__EXTRACTED INFORMATION__
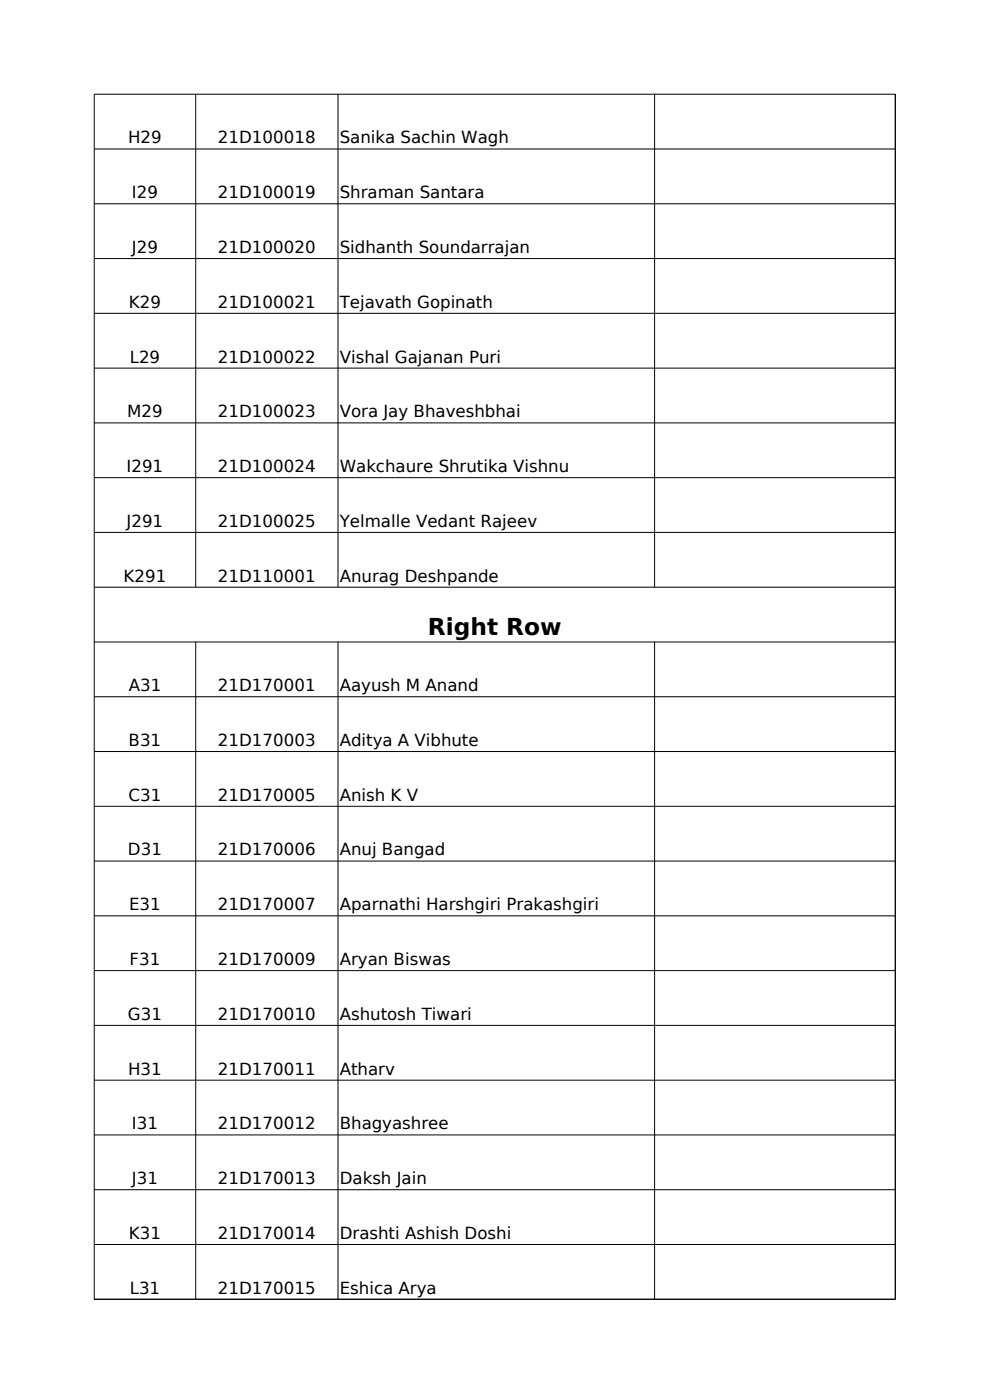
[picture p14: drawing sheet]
<svg xmlns="http://www.w3.org/2000/svg" width="210mm" height="297mm" viewBox="0 0 210 297" stroke-linecap="round" stroke-linejoin="round" font-family="sans-serif">
<defs><g id="words">
<text font-size="4.9" x="90.8" y="134.7">Right Row</text>
<g font-size="3.5">
<text x="27.2" y="30.4">H29</text>
<text x="46.2" y="30.4">21D100018</text>
<text x="72.1" y="30.4">Sanika Sachin Wagh</text>
<text x="28" y="42.1">I29</text>
<text x="46.2" y="42.1">21D100019</text>
<text x="72.1" y="42.1">Shraman Santara</text>
<text x="28" y="53.7">J29</text>
<text x="46.2" y="53.7">21D100020</text>
<text x="72.1" y="53.7">Sidhanth Soundarrajan</text>
<text x="27.3" y="65.3">K29</text>
<text x="46.2" y="65.3">21D100021</text>
<text x="72.1" y="65.3">Tejavath Gopinath</text>
<text x="27.5" y="76.9">L29</text>
<text x="46.2" y="76.9">21D100022</text>
<text x="72.1" y="76.9">Vishal Gajanan Puri</text>
<text x="27" y="88.5">M29</text>
<text x="46.2" y="88.5">21D100023</text>
<text x="72.1" y="88.5">Vora Jay Bhaveshbhai</text>
<text x="26.8" y="100.2">I291</text>
<text x="46.2" y="100.2">21D100024</text>
<text x="72.1" y="100.2">Wakchaure Shrutika Vishnu</text>
<text x="26.8" y="111.8">J291</text>
<text x="46.2" y="111.8">21D100025</text>
<text x="72.1" y="111.8">Yelmalle Vedant Rajeev</text>
<text x="26.2" y="123.4">K291</text>
<text x="46.2" y="123.4">21D110001</text>
<text x="72.1" y="123.4">Anurag Deshpande</text>
<text x="27.3" y="146.6">A31</text>
<text x="46.2" y="146.6">21D170001</text>
<text x="72.1" y="146.6">Aayush M Anand</text>
<text x="27.3" y="158.3">B31</text>
<text x="46.2" y="158.3">21D170003</text>
<text x="72.1" y="158.3">Aditya A Vibhute</text>
<text x="27.3" y="169.9">C31</text>
<text x="46.2" y="169.9">21D170005</text>
<text x="72.1" y="169.9">Anish K V</text>
<text x="27.1" y="181.5">D31</text>
<text x="46.2" y="181.5">21D170006</text>
<text x="72.1" y="181.5">Anuj Bangad</text>
<text x="27.4" y="193.1">E31</text>
<text x="46.2" y="193.1">21D170007</text>
<text x="72.1" y="193.1">Aparnathi Harshgiri Prakashgiri</text>
<text x="27.5" y="204.7">F31</text>
<text x="46.2" y="204.7">21D170009</text>
<text x="72.1" y="204.7">Aryan Biswas</text>
<text x="27.1" y="216.3">G31</text>
<text x="46.2" y="216.3">21D170010</text>
<text x="72.1" y="216.3">Ashutosh Tiwari</text>
<text x="27.2" y="228">H31</text>
<text x="46.2" y="228">21D170011</text>
<text x="72.1" y="228">Atharv</text>
<text x="28" y="239.6">I31</text>
<text x="46.2" y="239.6">21D170012</text>
<text x="72.1" y="239.6">Bhagyashree</text>
<text x="28" y="251.2">J31</text>
<text x="46.2" y="251.2">21D170013</text>
<text x="72.1" y="251.2">Daksh Jain</text>
<text x="27.3" y="262.8">K31</text>
<text x="46.2" y="262.8">21D170014</text>
<text x="72.1" y="262.8">Drashti Ashish Doshi</text>
<text x="27.5" y="274.4">L31</text>
<text x="46.2" y="274.4">21D170015</text>
<text x="72.1" y="274.4">Eshica Arya</text>
</g>
</g></defs>
<g fill="none" stroke="#000" stroke-width=".21">
<path d="M41.5 20v104.6M71.7 20v104.6M138.9 20v104.6M189.9 20v255.7M189.9 20h-169.9v255.7M20 31.6h169.9M20 43.2h169.9M20 54.9h169.9M20 66.5h169.9M20 78.1h169.9M20 89.7h169.9M20 101.3h169.9"/>
<path d="M20 113h169.9M20 124.6h169.9M20 136.2h169.9M41.5 136.2v139.5M71.7 136.2v139.5M138.9 136.2v139.5M20 147.8h169.9M20 159.4h169.9M20 171.1h169.9M20 182.7h169.9M20 194.3h169.9M20 205.9h169.9"/>
<path d="M20 217.5h169.9M20 229.2h169.9M20 240.8h169.9M20 252.4h169.9M20 264h169.9M20 275.6h169.9"/>
</g>
<use href="#words"/>
</svg>

__WHAT TO WORK ON__
Count every line in the listing where the string "font" occurs. Give the total alone.

__RESPONSE TO THE TASK__
3